## EXERCISE GOAL
In the records below, find the lines that include "pixels" and copy each.

## DATASET EXTRACT
Content starts

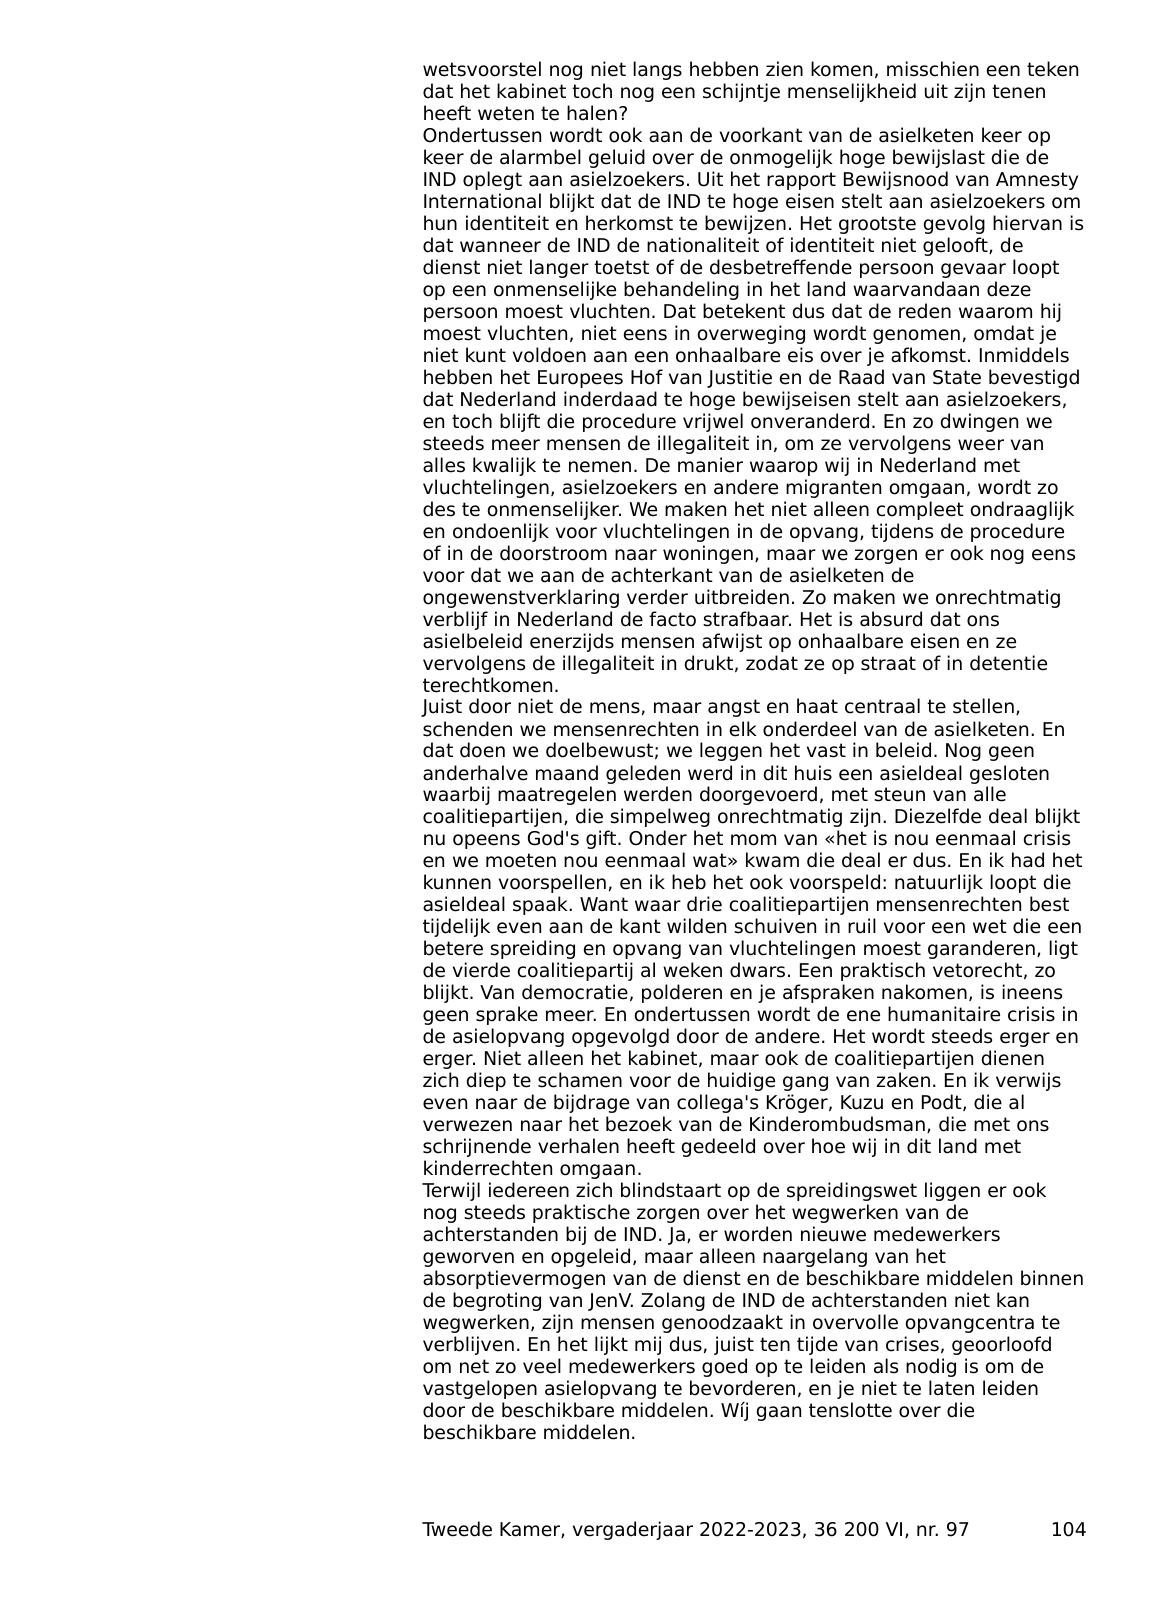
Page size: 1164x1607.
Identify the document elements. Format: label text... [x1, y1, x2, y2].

Content ends
Content starts

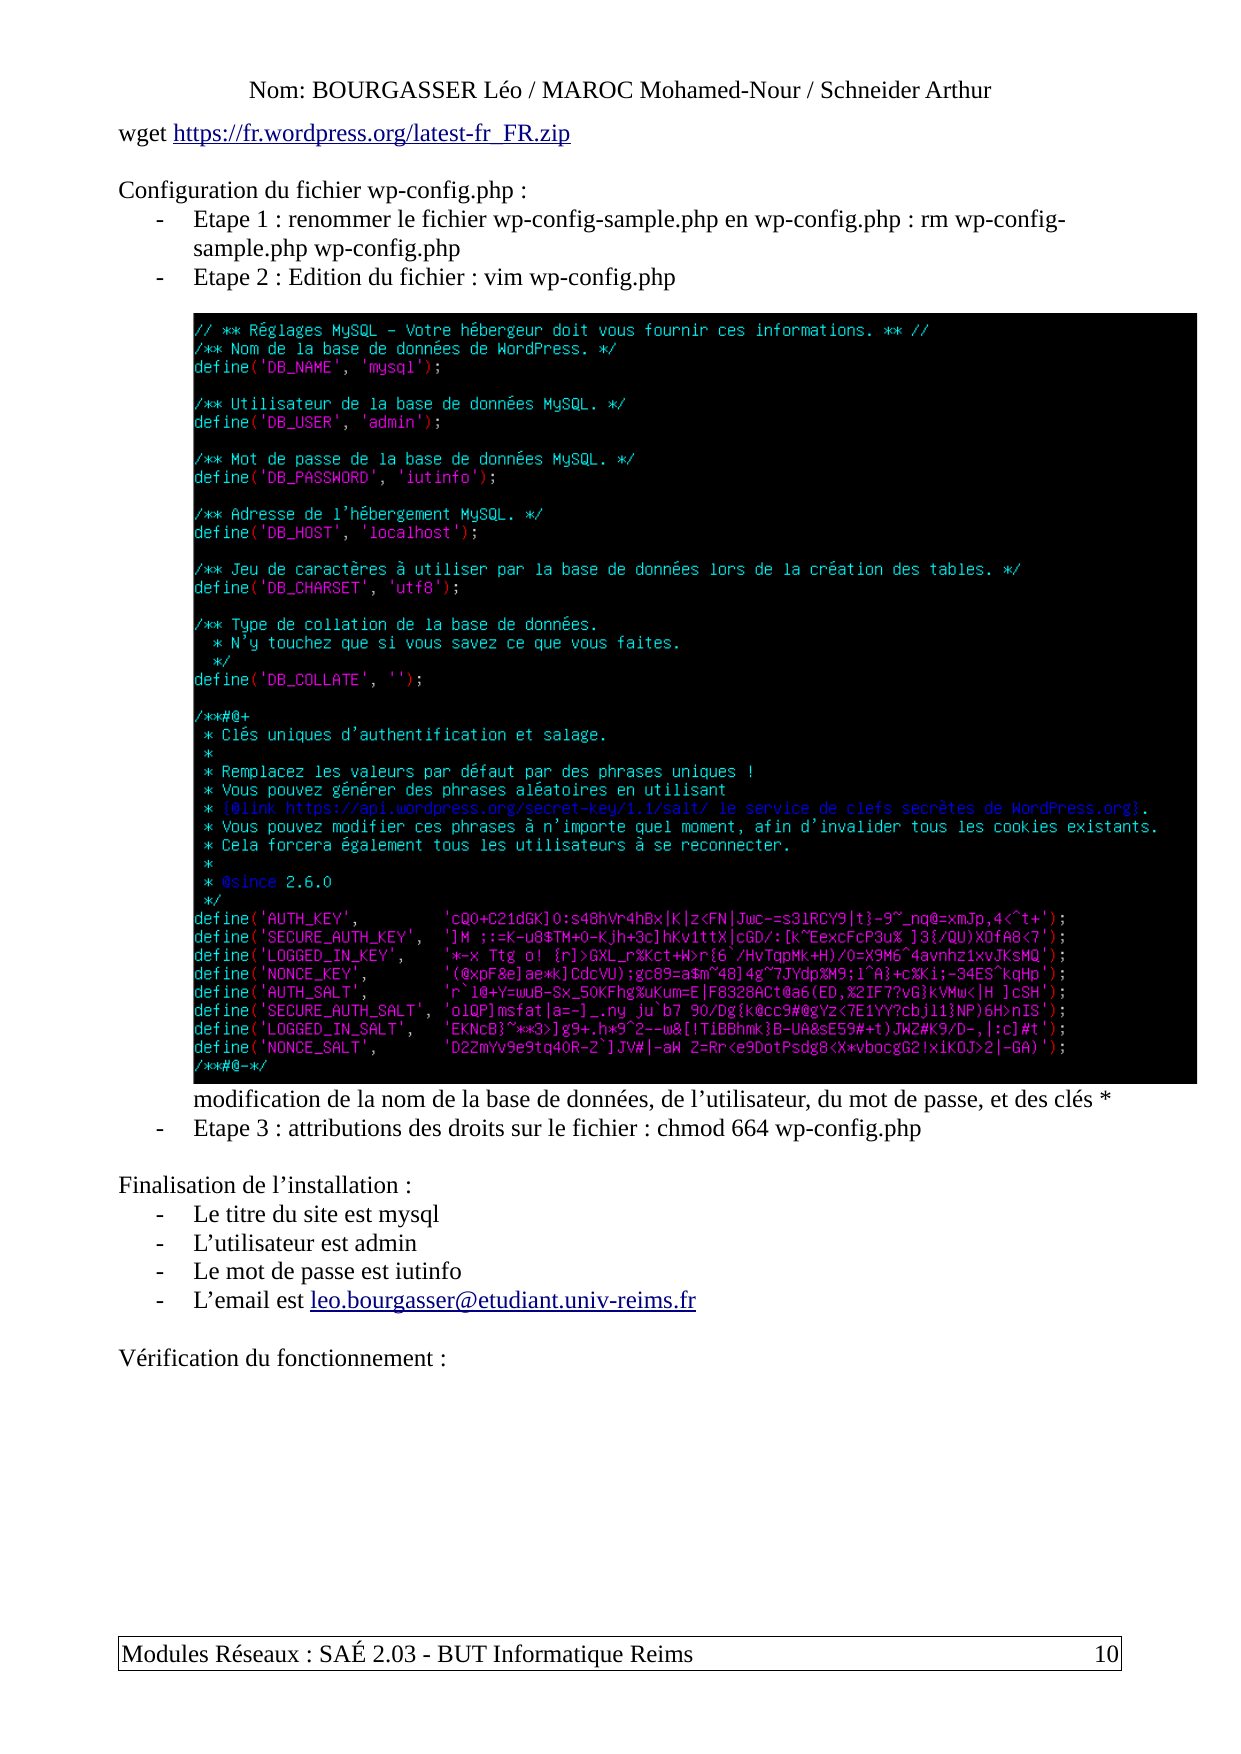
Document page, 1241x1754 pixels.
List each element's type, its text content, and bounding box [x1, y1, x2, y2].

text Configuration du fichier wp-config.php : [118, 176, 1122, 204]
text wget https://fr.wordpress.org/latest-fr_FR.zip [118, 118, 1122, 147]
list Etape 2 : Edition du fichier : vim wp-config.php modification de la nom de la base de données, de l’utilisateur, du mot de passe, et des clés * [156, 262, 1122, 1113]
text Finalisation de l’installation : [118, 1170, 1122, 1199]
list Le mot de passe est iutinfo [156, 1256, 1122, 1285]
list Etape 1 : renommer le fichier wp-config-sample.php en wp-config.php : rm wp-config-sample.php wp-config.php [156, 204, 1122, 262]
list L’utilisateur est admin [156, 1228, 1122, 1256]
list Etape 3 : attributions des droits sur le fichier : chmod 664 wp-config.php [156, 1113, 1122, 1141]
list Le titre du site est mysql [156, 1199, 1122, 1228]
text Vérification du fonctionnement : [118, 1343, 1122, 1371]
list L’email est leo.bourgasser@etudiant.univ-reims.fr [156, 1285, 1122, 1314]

Content ends
Content starts

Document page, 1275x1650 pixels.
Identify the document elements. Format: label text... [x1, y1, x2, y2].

Content ends

## OUTPUT OF THE TASK
Document page, 1241x1754 pixels.
Document page, 1275x1650 pixels.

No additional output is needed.